# Eating dirt and sand?



## FuryanGoddess (Dec 26, 2009)

Why is she doing this? Is she lacking something or does it just taste good to a puppy? How do I get her to stop? Will it hurt her? She was munching on the sand today and many times I had to remove her from piles of mud/dirt that other critters dug up. 

Can a dog have Pica?


----------



## HeidiW (Apr 9, 2009)

My Bella was a dirt eater, my vet said some pups just do it, but she also had Guardia and the C one I can't spell it, so you may want to have her checked for parasites/worms.


----------



## SunCzarina (Nov 24, 2000)

Otto was horrible about eating potting soil and wood chips. I'd take him for a walk, he'd try to jump in someone's flower bed to get their woodchips. Couldn't have container plants the summer he was a wee pup. Had to put fencing around the beds where I'd dumped expired plants to recycle the dirt.

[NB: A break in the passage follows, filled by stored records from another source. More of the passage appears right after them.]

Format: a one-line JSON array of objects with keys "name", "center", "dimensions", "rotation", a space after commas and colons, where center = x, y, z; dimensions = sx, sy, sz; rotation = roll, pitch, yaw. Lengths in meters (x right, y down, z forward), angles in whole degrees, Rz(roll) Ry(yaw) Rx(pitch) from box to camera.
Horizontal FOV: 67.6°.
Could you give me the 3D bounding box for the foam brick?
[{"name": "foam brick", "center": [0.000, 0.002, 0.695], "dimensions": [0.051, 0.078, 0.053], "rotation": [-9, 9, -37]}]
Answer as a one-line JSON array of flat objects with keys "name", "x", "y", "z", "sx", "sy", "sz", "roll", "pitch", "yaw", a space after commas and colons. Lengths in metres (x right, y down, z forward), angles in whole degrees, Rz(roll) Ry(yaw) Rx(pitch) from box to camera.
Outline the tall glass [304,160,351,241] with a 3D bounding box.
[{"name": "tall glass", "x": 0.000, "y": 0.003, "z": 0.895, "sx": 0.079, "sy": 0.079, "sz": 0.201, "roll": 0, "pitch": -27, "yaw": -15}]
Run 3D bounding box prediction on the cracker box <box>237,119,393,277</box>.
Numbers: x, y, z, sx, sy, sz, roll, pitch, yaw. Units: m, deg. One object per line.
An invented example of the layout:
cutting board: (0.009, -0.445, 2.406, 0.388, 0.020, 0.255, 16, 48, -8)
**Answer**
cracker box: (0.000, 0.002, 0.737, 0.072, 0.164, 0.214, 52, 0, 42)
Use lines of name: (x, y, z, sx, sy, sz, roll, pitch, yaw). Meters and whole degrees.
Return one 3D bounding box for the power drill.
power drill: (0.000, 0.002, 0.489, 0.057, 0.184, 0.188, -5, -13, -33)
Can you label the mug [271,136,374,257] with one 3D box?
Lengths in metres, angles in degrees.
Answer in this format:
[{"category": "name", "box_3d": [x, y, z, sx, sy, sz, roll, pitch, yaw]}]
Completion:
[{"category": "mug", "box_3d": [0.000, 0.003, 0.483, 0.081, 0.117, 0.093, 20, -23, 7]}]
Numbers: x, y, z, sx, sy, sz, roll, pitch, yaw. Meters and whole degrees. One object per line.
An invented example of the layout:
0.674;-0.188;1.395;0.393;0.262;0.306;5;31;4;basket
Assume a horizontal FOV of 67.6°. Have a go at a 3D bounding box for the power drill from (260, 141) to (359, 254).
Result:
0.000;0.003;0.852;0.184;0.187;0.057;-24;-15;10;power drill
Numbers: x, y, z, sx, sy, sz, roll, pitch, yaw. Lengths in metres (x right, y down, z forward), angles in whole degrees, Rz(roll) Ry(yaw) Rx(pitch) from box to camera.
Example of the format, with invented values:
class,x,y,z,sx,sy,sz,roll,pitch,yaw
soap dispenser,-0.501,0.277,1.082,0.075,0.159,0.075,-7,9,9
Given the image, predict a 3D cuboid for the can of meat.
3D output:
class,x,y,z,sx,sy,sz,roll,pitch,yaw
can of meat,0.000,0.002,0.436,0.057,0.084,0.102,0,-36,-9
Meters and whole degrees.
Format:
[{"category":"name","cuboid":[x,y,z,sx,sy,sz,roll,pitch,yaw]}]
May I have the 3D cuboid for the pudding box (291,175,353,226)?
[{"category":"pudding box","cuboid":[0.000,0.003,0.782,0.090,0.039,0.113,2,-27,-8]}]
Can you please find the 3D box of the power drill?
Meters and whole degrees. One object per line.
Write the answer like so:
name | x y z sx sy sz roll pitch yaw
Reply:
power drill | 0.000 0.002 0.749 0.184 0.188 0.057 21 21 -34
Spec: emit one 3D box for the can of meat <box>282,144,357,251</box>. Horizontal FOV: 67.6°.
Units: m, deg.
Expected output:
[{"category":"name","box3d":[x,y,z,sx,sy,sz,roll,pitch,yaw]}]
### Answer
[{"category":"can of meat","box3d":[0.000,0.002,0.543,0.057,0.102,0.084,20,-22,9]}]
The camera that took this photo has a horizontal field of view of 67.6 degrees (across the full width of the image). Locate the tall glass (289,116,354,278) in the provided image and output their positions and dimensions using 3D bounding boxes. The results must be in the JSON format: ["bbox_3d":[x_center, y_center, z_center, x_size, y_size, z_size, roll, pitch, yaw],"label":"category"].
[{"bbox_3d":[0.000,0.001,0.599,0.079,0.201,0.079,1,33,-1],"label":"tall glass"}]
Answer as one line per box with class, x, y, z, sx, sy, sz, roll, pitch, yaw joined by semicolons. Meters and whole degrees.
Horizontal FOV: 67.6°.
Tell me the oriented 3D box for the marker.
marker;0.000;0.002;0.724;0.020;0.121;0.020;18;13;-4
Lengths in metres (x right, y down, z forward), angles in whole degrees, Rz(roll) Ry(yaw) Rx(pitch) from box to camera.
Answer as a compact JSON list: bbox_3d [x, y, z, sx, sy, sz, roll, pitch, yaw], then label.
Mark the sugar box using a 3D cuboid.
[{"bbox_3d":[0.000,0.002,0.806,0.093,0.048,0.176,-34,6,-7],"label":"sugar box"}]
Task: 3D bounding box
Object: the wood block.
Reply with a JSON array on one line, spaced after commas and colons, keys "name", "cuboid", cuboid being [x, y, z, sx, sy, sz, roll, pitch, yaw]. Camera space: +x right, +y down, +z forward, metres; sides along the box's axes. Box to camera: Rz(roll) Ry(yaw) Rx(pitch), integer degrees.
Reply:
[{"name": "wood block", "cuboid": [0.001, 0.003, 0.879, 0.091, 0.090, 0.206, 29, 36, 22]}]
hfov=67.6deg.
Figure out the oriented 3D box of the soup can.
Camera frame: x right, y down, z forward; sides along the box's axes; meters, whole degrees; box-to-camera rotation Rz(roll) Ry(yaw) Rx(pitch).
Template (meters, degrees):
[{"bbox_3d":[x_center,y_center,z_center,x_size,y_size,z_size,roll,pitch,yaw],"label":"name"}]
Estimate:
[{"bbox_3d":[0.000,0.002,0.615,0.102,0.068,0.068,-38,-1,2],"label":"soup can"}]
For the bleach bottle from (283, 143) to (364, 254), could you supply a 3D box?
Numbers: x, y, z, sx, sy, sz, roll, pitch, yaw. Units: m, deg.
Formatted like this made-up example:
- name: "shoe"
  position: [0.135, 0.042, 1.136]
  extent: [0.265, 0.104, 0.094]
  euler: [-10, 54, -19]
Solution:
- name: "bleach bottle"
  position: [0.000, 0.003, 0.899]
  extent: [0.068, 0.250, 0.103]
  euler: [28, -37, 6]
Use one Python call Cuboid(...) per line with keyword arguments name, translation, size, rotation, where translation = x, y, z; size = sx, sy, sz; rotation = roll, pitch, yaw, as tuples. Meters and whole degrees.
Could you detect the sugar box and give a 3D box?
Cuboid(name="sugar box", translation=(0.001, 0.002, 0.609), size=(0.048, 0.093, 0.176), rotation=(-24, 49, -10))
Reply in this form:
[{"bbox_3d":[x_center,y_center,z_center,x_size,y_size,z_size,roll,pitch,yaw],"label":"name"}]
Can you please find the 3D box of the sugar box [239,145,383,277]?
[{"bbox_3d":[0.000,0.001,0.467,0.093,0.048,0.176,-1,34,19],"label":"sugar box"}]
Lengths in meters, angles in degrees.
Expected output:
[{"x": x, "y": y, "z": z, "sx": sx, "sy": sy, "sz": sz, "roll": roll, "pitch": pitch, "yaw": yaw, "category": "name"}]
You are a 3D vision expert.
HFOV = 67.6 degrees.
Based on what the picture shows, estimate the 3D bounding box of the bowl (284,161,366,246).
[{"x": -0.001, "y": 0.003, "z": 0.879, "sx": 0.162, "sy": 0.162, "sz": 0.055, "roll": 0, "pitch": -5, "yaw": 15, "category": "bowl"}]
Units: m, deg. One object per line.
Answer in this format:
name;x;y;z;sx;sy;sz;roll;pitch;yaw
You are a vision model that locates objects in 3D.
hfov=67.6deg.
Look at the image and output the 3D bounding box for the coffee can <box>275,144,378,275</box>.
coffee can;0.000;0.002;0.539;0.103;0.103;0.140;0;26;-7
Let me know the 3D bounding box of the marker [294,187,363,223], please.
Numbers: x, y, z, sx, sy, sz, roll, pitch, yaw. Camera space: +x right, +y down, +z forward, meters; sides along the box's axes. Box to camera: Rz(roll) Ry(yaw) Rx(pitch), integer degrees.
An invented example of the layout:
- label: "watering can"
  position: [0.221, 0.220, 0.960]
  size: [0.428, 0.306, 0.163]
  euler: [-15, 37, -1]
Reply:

He stopped doing it about 6 months old. Still likes to dig holes though. Hopefully he's stopped ripping chunks of grass out of the lawn just because he likes smacking himself in the face wtih sandy dirt...


----------



## FuryanGoddess (Dec 26, 2009)

> Quote:Hopefully he's stopped ripping chunks of grass out of the lawn just because he likes smacking himself in the face wtih sandy dirt...


OMG, that's so funny!


----------



## SunCzarina (Nov 24, 2000)

Yeah it's funny until he got my 8 year old female doing it. She was a reformed hole digger and plant shredder. Now she's suffering geriatric delinquency. Makes me want to cover the whole yard wtih concrete block.


----------



## FuryanGoddess (Dec 26, 2009)

yeah, I hear that. If my hubs could, he'd pave the whole sabang also. We have 2 1/2 acres, so not gonna happen. 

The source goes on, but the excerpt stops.